*** TASK DATA Section Begins ***

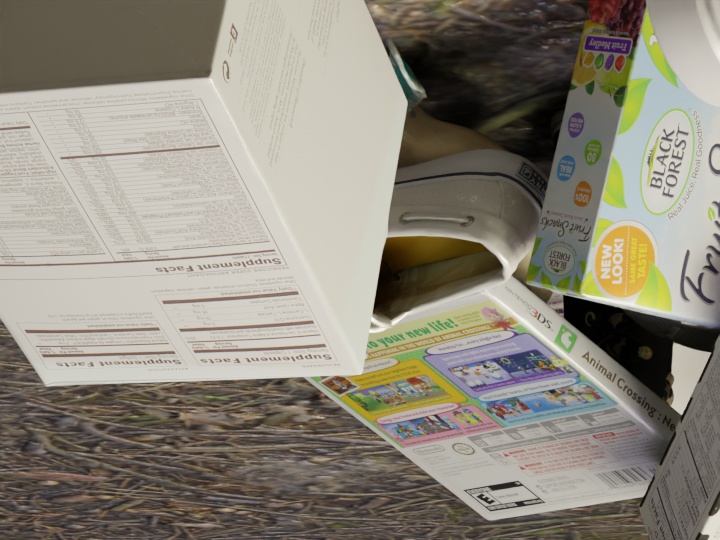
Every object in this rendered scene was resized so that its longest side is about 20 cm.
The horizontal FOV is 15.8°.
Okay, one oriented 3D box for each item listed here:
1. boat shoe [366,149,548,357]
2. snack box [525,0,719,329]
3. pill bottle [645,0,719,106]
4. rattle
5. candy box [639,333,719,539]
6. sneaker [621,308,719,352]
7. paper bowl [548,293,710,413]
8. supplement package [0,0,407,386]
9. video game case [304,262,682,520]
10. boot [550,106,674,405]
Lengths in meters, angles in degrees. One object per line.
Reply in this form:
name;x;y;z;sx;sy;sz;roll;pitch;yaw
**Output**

*** TASK DATA Section Ends ***

**WORK REQUEST:** Repeat the data exactly as written, but without the pictures.

**SOLUTION:**
Every object in this rendered scene was resized so that its longest side is about 20 cm.
The horizontal FOV is 15.8°.
Okay, one oriented 3D box for each item listed here:
1. boat shoe [366,149,548,357]
2. snack box [525,0,719,329]
3. pill bottle [645,0,719,106]
4. rattle
5. candy box [639,333,719,539]
6. sneaker [621,308,719,352]
7. paper bowl [548,293,710,413]
8. supplement package [0,0,407,386]
9. video game case [304,262,682,520]
10. boot [550,106,674,405]
Lengths in meters, angles in degrees. One object per line.
Reply in this form:
name;x;y;z;sx;sy;sz;roll;pitch;yaw
**Output**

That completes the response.